Medivation, Inc. Prices $225 Million 2.625% Convertible Senior Notes Due 2017

SAN FRANCISCO, CA--(Marketwire - March 13, 2012) - Medivation, Inc. (NASDAQ: MDVN) today announced the pricing of its offering of $225 million aggregate principal amount of 2.625% convertible senior notes due April 1, 2017 registered under the Securities Act of 1933, as amended. Medivation granted the underwriters of the offering a 30-day option to purchase up to $33.75 million aggregate principal amount of additional notes. The offering is expected to close on March 19, 2012, subject to customary closing conditions. Citigroup is the sole book-running manager, and Credit Suisse Securities (USA) LLC, Jefferies & Company, Inc., William Blair & Company, L.L.C., and Leerink Swann LLC are co-managers of the notes offering.

The notes will be general senior unsecured obligations of Medivation, and will pay interest semi-annually in cash at a rate of 2.625 percent per annum on April 1 and October 1 of each year, beginning October 1, 2012. On or after April 6, 2015, the company may redeem for cash all or a part of the notes if the closing sale price of its common stock for 20 or more trading days in a period of 30 consecutive trading days ending on the trading day preceding the date it provides notice of the redemption exceeds 130% of the conversion price in effect on each such trading day, subject to certain conditions. The redemption price will equal 100% of the principal amount of notes to be redeemed plus accrued and unpaid interest, if any, to, but excluding, the redemption date.
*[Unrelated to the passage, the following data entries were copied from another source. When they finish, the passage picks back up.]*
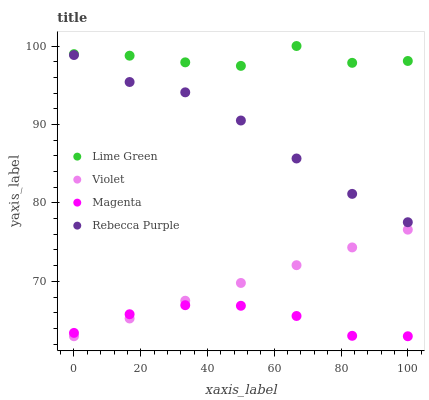Does Magenta have the minimum area under the curve?
Answer yes or no. Yes. Does Lime Green have the maximum area under the curve?
Answer yes or no. Yes. Does Rebecca Purple have the minimum area under the curve?
Answer yes or no. No. Does Rebecca Purple have the maximum area under the curve?
Answer yes or no. No. Is Violet the smoothest?
Answer yes or no. Yes. Is Lime Green the roughest?
Answer yes or no. Yes. Is Rebecca Purple the smoothest?
Answer yes or no. No. Is Rebecca Purple the roughest?
Answer yes or no. No. Does Magenta have the lowest value?
Answer yes or no. Yes. Does Rebecca Purple have the lowest value?
Answer yes or no. No. Does Lime Green have the highest value?
Answer yes or no. Yes. Does Rebecca Purple have the highest value?
Answer yes or no. No. Is Magenta less than Rebecca Purple?
Answer yes or no. Yes. Is Rebecca Purple greater than Violet?
Answer yes or no. Yes. Does Violet intersect Magenta?
Answer yes or no. Yes. Is Violet less than Magenta?
Answer yes or no. No. Is Violet greater than Magenta?
Answer yes or no. No. Does Magenta intersect Rebecca Purple?
Answer yes or no. No. 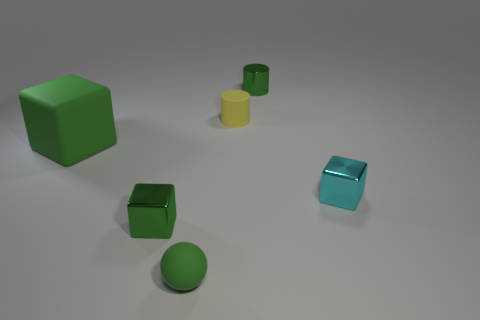Subtract all big blocks. How many blocks are left? 2 Subtract all cyan cubes. How many cubes are left? 2 Subtract 1 balls. How many balls are left? 0 Add 1 big blue matte balls. How many objects exist? 7 Subtract all cyan spheres. Subtract all blue cubes. How many spheres are left? 1 Subtract all yellow cubes. How many blue cylinders are left? 0 Subtract all green shiny cylinders. Subtract all tiny green metallic cubes. How many objects are left? 4 Add 6 green metallic cylinders. How many green metallic cylinders are left? 7 Add 1 yellow metal balls. How many yellow metal balls exist? 1 Subtract 0 cyan spheres. How many objects are left? 6 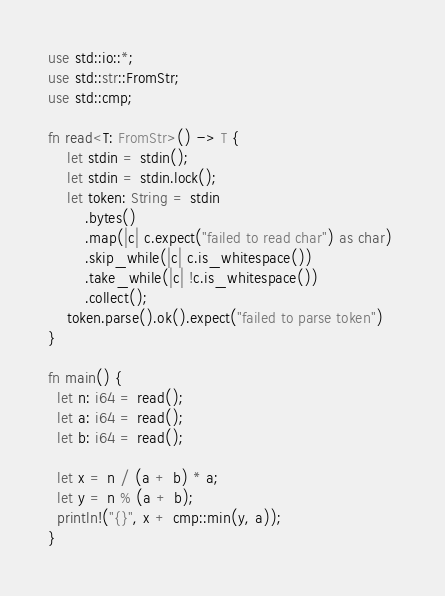Convert code to text. <code><loc_0><loc_0><loc_500><loc_500><_Rust_>use std::io::*;
use std::str::FromStr;
use std::cmp;

fn read<T: FromStr>() -> T {
    let stdin = stdin();
    let stdin = stdin.lock();
    let token: String = stdin
        .bytes()
        .map(|c| c.expect("failed to read char") as char) 
        .skip_while(|c| c.is_whitespace())
        .take_while(|c| !c.is_whitespace())
        .collect();
    token.parse().ok().expect("failed to parse token")
}

fn main() {
  let n: i64 = read();
  let a: i64 = read();
  let b: i64 = read();
  
  let x = n / (a + b) * a;
  let y = n % (a + b);
  println!("{}", x + cmp::min(y, a));
}</code> 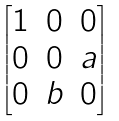<formula> <loc_0><loc_0><loc_500><loc_500>\begin{bmatrix} 1 & 0 & 0 \\ 0 & 0 & a \\ 0 & b & 0 \\ \end{bmatrix}</formula> 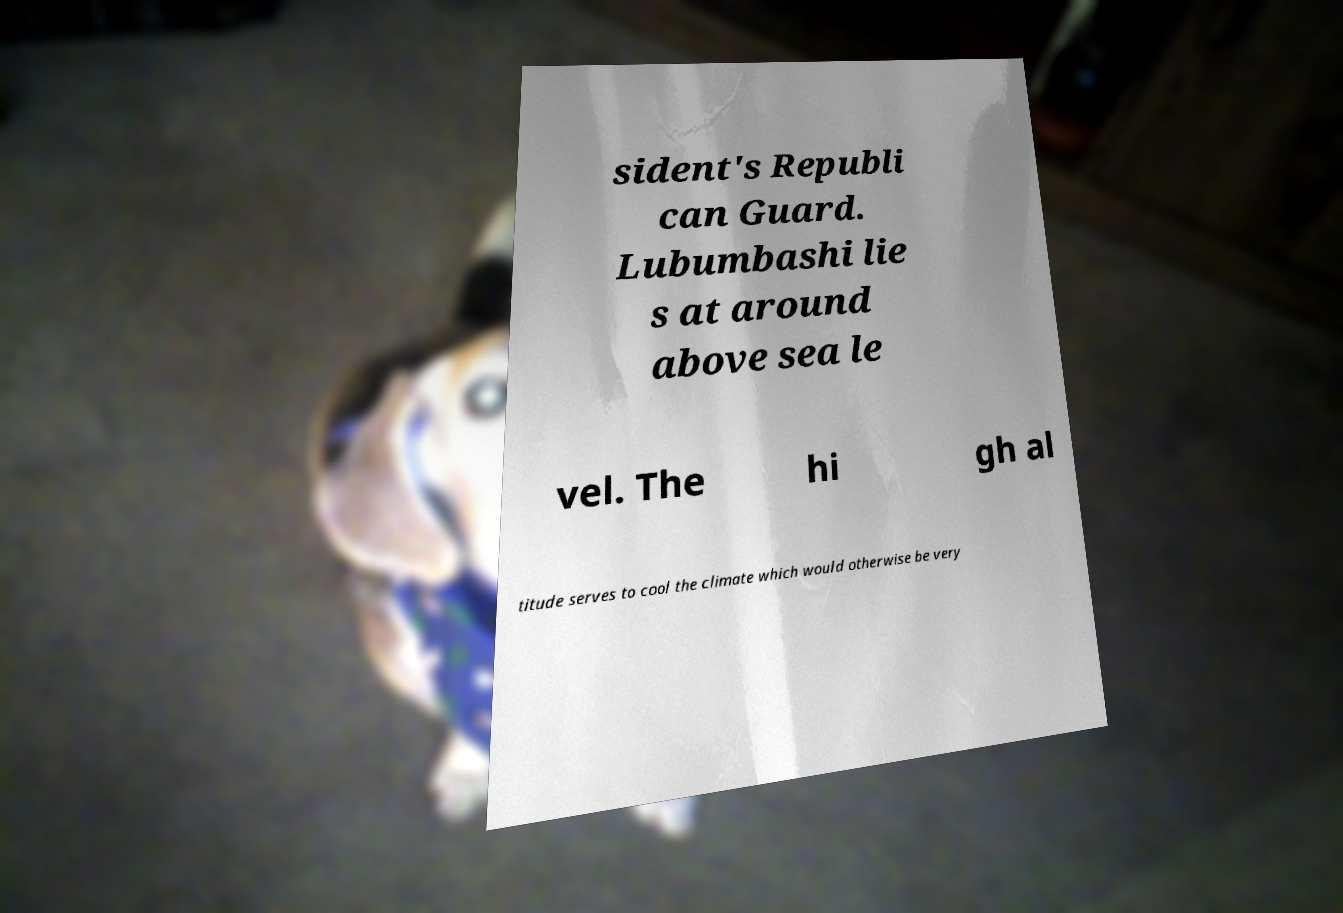Can you read and provide the text displayed in the image?This photo seems to have some interesting text. Can you extract and type it out for me? sident's Republi can Guard. Lubumbashi lie s at around above sea le vel. The hi gh al titude serves to cool the climate which would otherwise be very 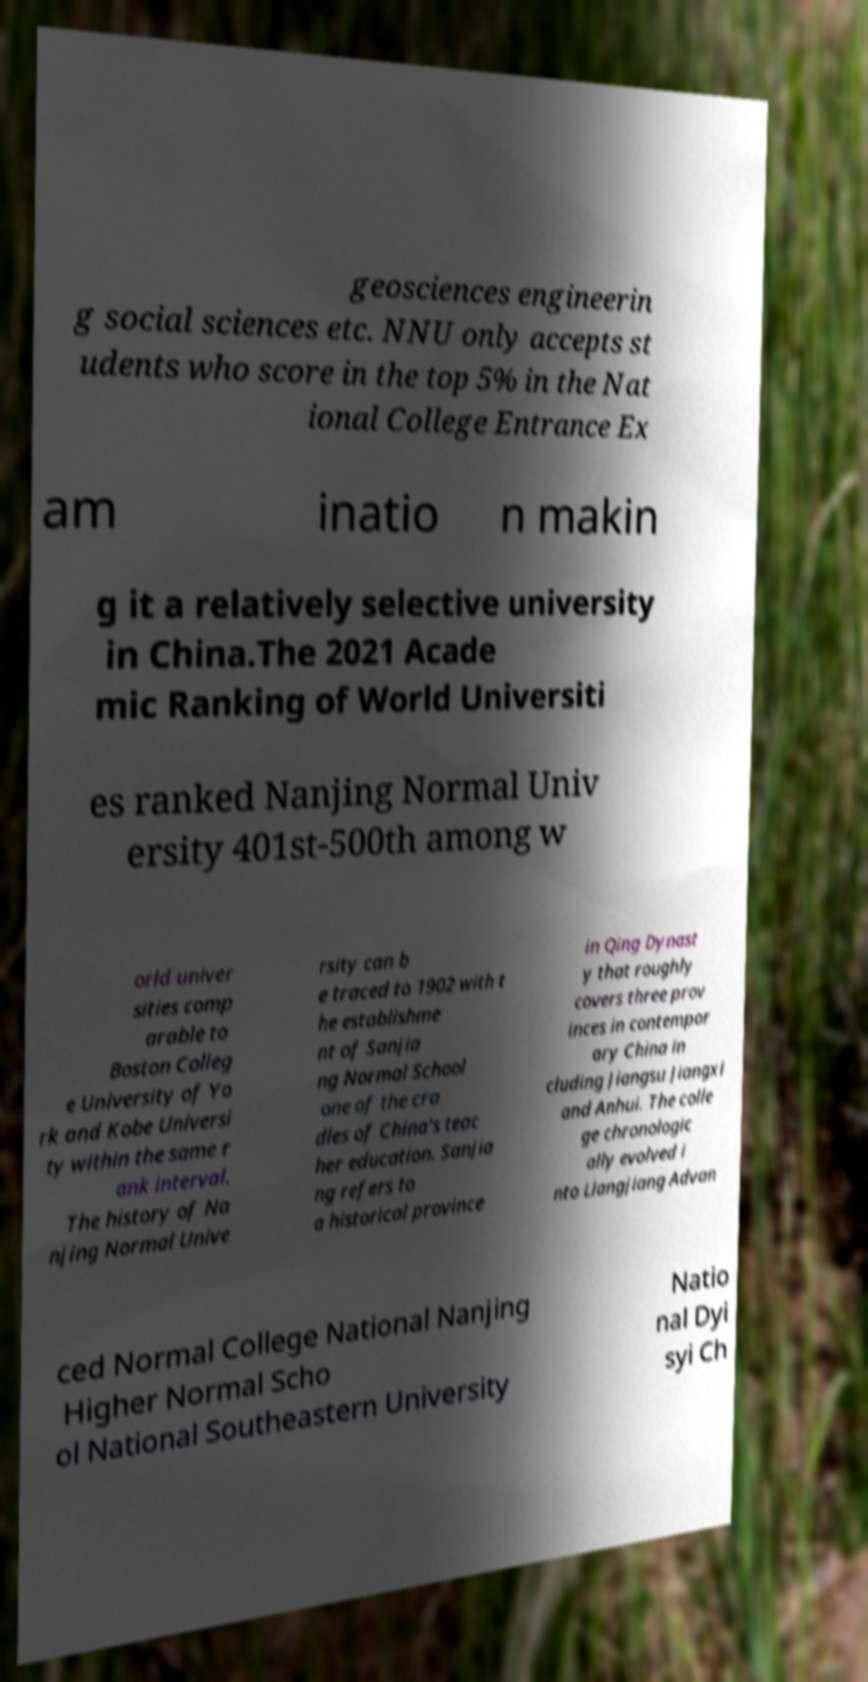Could you assist in decoding the text presented in this image and type it out clearly? geosciences engineerin g social sciences etc. NNU only accepts st udents who score in the top 5% in the Nat ional College Entrance Ex am inatio n makin g it a relatively selective university in China.The 2021 Acade mic Ranking of World Universiti es ranked Nanjing Normal Univ ersity 401st-500th among w orld univer sities comp arable to Boston Colleg e University of Yo rk and Kobe Universi ty within the same r ank interval. The history of Na njing Normal Unive rsity can b e traced to 1902 with t he establishme nt of Sanjia ng Normal School one of the cra dles of China's teac her education. Sanjia ng refers to a historical province in Qing Dynast y that roughly covers three prov inces in contempor ary China in cluding Jiangsu Jiangxi and Anhui. The colle ge chronologic ally evolved i nto Liangjiang Advan ced Normal College National Nanjing Higher Normal Scho ol National Southeastern University Natio nal Dyi syi Ch 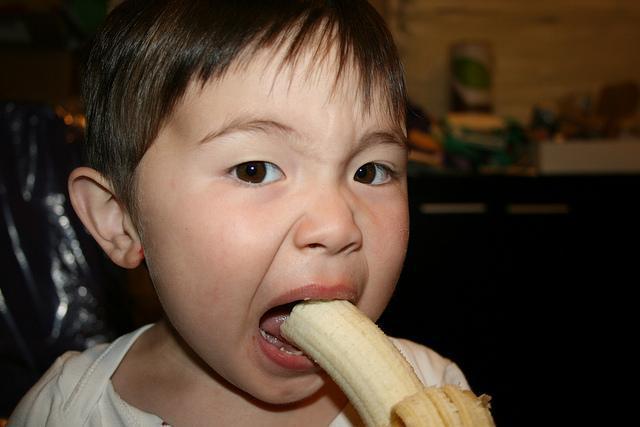How many bruises are on the banana?
Give a very brief answer. 0. 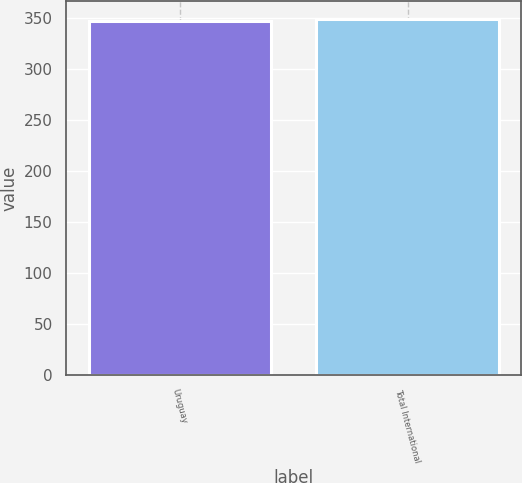Convert chart to OTSL. <chart><loc_0><loc_0><loc_500><loc_500><bar_chart><fcel>Uruguay<fcel>Total International<nl><fcel>347<fcel>349<nl></chart> 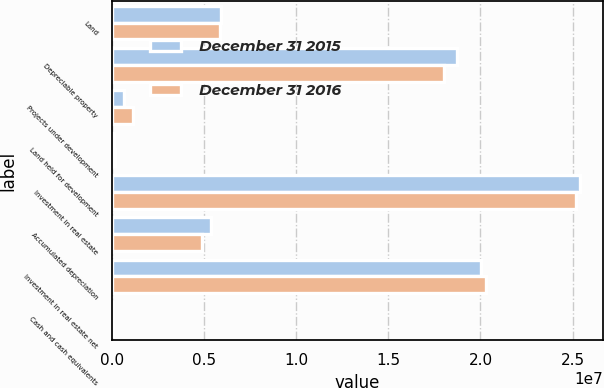Convert chart to OTSL. <chart><loc_0><loc_0><loc_500><loc_500><stacked_bar_chart><ecel><fcel>Land<fcel>Depreciable property<fcel>Projects under development<fcel>Land held for development<fcel>Investment in real estate<fcel>Accumulated depreciation<fcel>Investment in real estate net<fcel>Cash and cash equivalents<nl><fcel>December 31 2015<fcel>5.89986e+06<fcel>1.87306e+07<fcel>637168<fcel>118816<fcel>2.53864e+07<fcel>5.36039e+06<fcel>2.0026e+07<fcel>77207<nl><fcel>December 31 2016<fcel>5.86405e+06<fcel>1.80371e+07<fcel>1.12238e+06<fcel>158843<fcel>2.51824e+07<fcel>4.90541e+06<fcel>2.02769e+07<fcel>42276<nl></chart>

Upon the occurrence of a fundamental change prior to the maturity date, holders may require the company to purchase for cash all or a portion of these notes at a purchase price equal to the principal amount of the notes to be purchased plus accrued and unpaid interest, if any, to, but excluding, the fundamental change purchase date.

Prior to the close of business on the business day immediately preceding January 1, 2017, the notes will be convertible only upon certain circumstances. Upon conversion, Medivation will pay or deliver, as the case may be, cash, shares of its common stock or a combination of cash and shares of its common stock, at its election. The initial conversion rate of 9.7586 shares of common stock per $1,000 principal amount of notes is equivalent to a conversion price of approximately $102.47 per share of common stock, which is approximately 43.5% higher than the closing price of Medivation’s stock on March 13, 2012. The conversion rate is subject to adjustment in certain events, such as distributions of dividends and stock splits.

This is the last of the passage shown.